— Не понимаю, почему иногда ты становишься чересчур осторожным, — проворчала Кэссиди. — Уж не потому ли, что сломал ногу в школе?
Она видела его фотку в семейном альбоме, где он стоял с ногой, закованной в гипс, с несчастным видом, рядом с одетыми в лыжные костюмы Биз и Коупом.
— Скажем так: я не особо преуспел в этом спорте.
— А по-моему, ты в любом спорте лучше всех наших.
Он хмыкнул слегка повеселее.
— Извинения приняты. Что же тебя на самом деле интересует?
Кэссиди глянула на концы своих покачивающихся в воздухе лыж. Склон под ними пестрел разноцветными шлемами и лыжными куртками. Ей вдруг захотелось, чтобы Тэйт ждал ее внизу, в их коттедже. Как же долго тянется время без него…
— Один ответ, — наконец решилась она. Нужно выяснить все, пока они не доехали до вершины.
— Сначала мне надо услышать вопрос.
— Почему вы с мамой расставались в выпускном классе? Я спрашивала тебя об этом в День благодарения, но нас прервали.
Отец пристально взглянул на нее. Потом сдвинул защитные очки на шлем. Взгляд его голубых глаз казался ясным, но холодным.
— Ну, в самом деле, как-то странно, что никто об этом ничего не говорил. История вашей любви уже стала семейной легендой… и разве она не станет еще интересней, если вы когда-то поссорились, а потом опять помирились?
Несколько мгновений они прислушивались к тихому поскрипыванию тросов, плавно поднимавших их на гору. Отец, казалось, что-то решил для себя.
— Ты можешь не упоминать при маме, что мы говорили об этом?
— Почему? Она бросила тебя ради кого-то или нечто в таком роде?
— Сложный вопрос.
— О господи, пап! — воскликнула Кэссиди, искренне потрясенная. Несмотря на странную реакцию матери на тот браслет, она даже не думала, что это могло быть правдой. — И ради кого же?
Устремив взгляд вверх по склону, отец покачал головой.
— Очевидно, кого-то маловажного.
— Вот отстой, — заключила она, сознавая, что нет смысла давить на него, пытаясь узнать имя. Во всяком случае, сейчас.
— Забавно, но по прошествии двадцати с лишним лет трудно поверить, что это вообще случилось. Как будто это был дурной сон… Тогда твоя мама заявила мне, что ей нужно побыть одной. И я поверил, даже если на самом деле она хотела встречаться с кем-то другим. Мы встречались целых три года, а по молодости это целая жизнь. Я всегда знал, что она для меня единственная, а когда Энди поняла, что это верно и для нее тоже, то вернулась ко мне навсегда.

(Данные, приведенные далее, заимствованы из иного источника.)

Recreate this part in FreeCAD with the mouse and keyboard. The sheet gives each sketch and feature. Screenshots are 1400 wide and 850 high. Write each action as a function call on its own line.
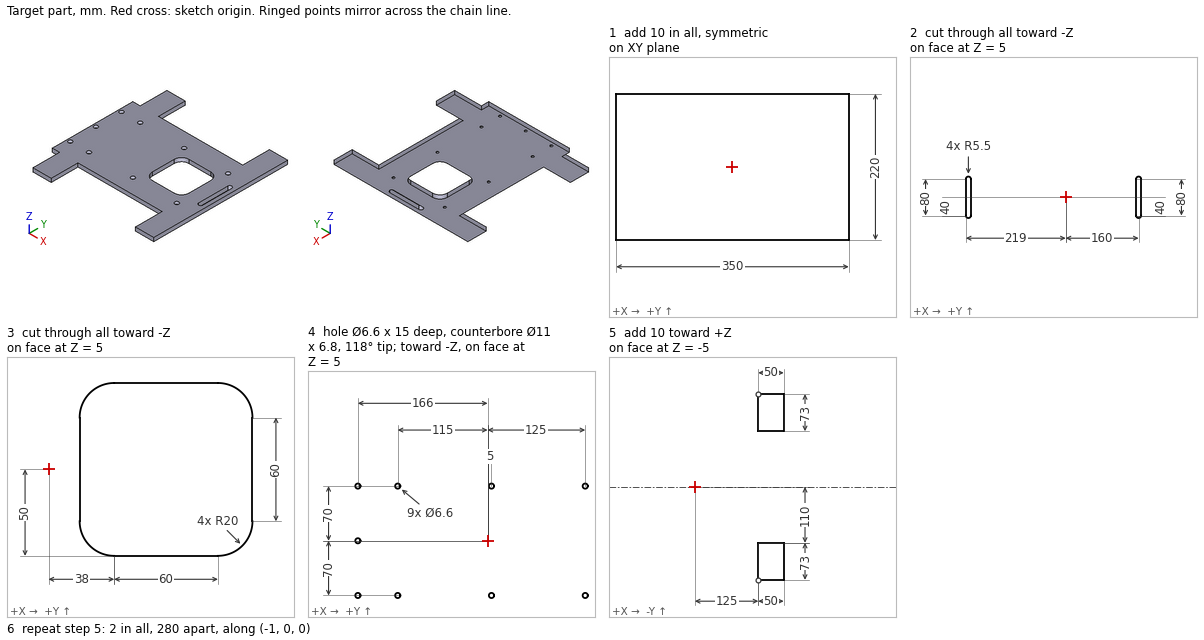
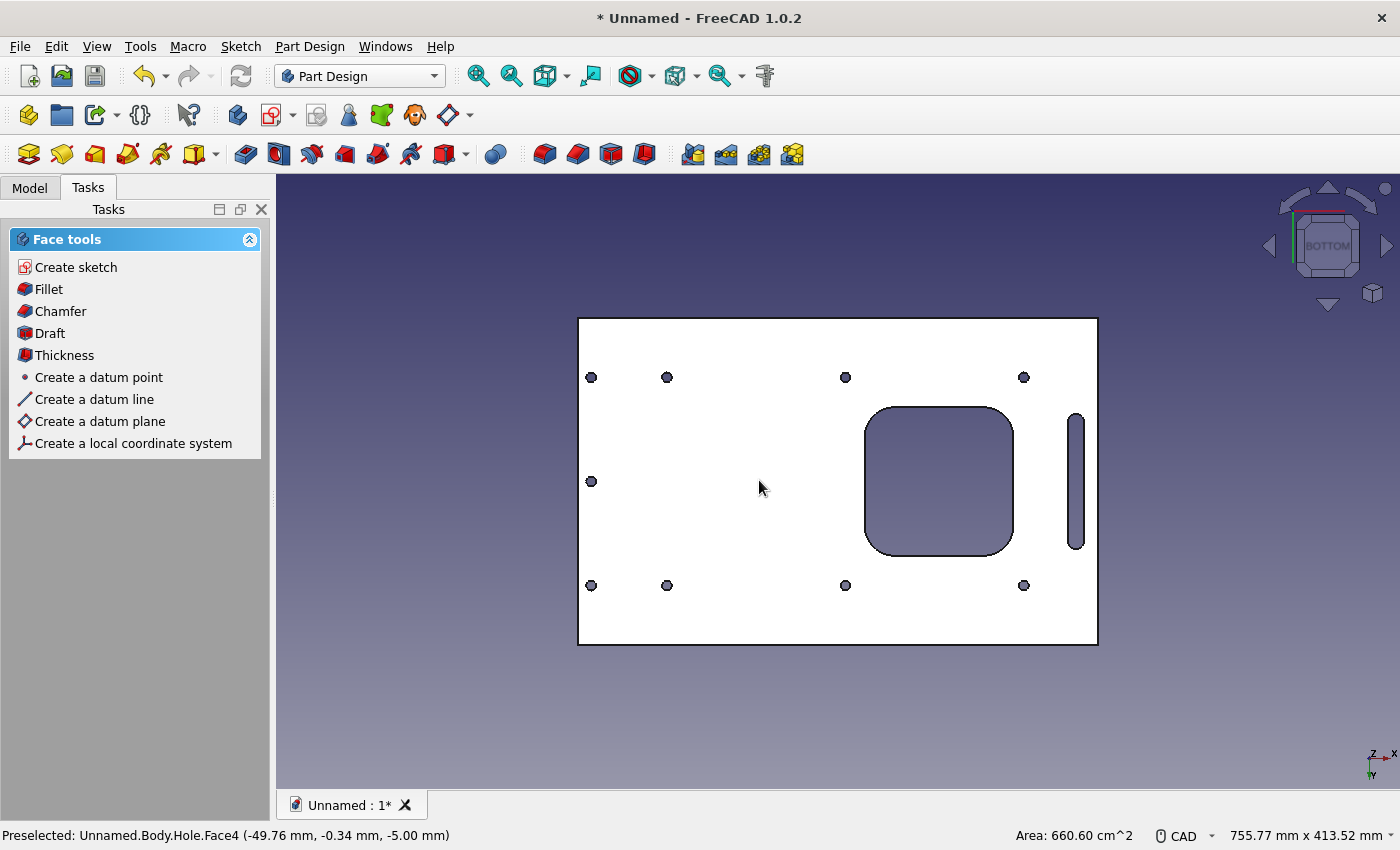
click(270, 116)
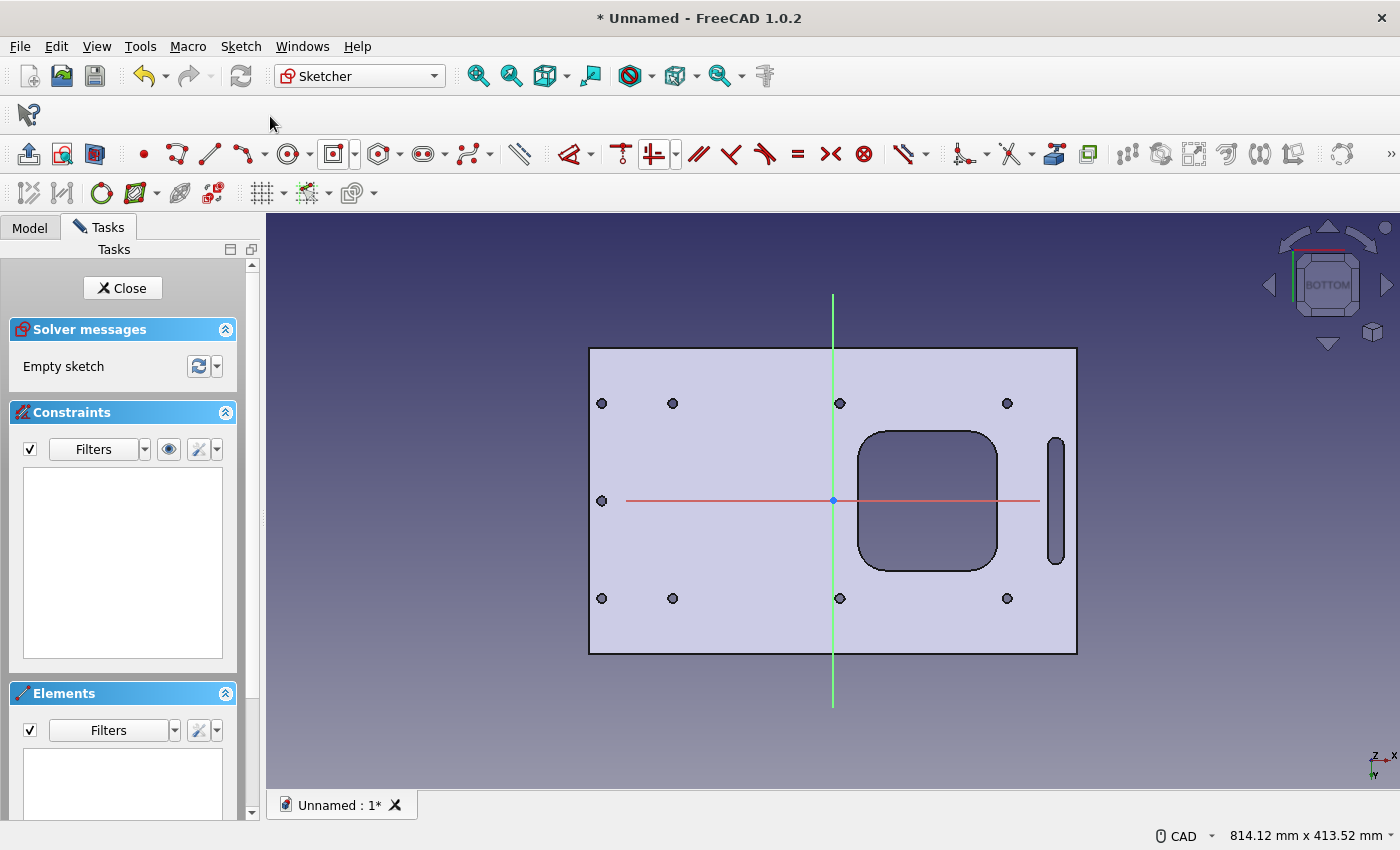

Отец произнес это таким тоном, что Кэссиди едва осмеливалась дышать. Он пытался говорить грубовато, однако в его голосе чувствовалась какая-то затаенная, грозившая задушить горечь.
Они почти достигли вершины.
— Как это… романтично, — растерянно произнесла Кэссиди, не зная, что еще сказать.
— Да уж, романтичнее просто не бывает, — проворчал отец, отстегнув защитную цепь и сойдя с кресла подъемника.
Они уже опустили защитные очки на глаза, когда Кэссиди вдруг почувствовала, что тоже должна с ним чем-то поделиться. Ей еще не приходилось видеть его таким уязвимым.
— Пап… А у меня есть друг. В Гленлейке.
Его голова резко дернулась, словно его вырвали из воспоминаний.
— И как же его зовут?
— Тэйт Холланд.
— Я что-то слышал о нем. И вы вместе ходили на Зимний бал?
Кэссиди кивнула и, вытащив свой смартфон, показала ему фотографию — но не ту, что послала Тэйту.
— Симпатичный парень, — оценил папа. — Спортом увлекается?
— Футболом и лакроссом.
— Серьезно?
Кэссиди рассмеялась, с досадой почувствовав, что ее смех напоминает глупое хихиканье.
— Боже, кто знает? Ну ему просто… нравится.
— Здорово, — сказал он.
— Пап, — добавила она, — пожалуйста, пусть это пока останется между нами. Не уверена, что готова сделать это официальной главой семейной истории Коуплендов.
Отец обнял ее за плечи.
— Я рад за тебя. Чем бы это ни кончилось.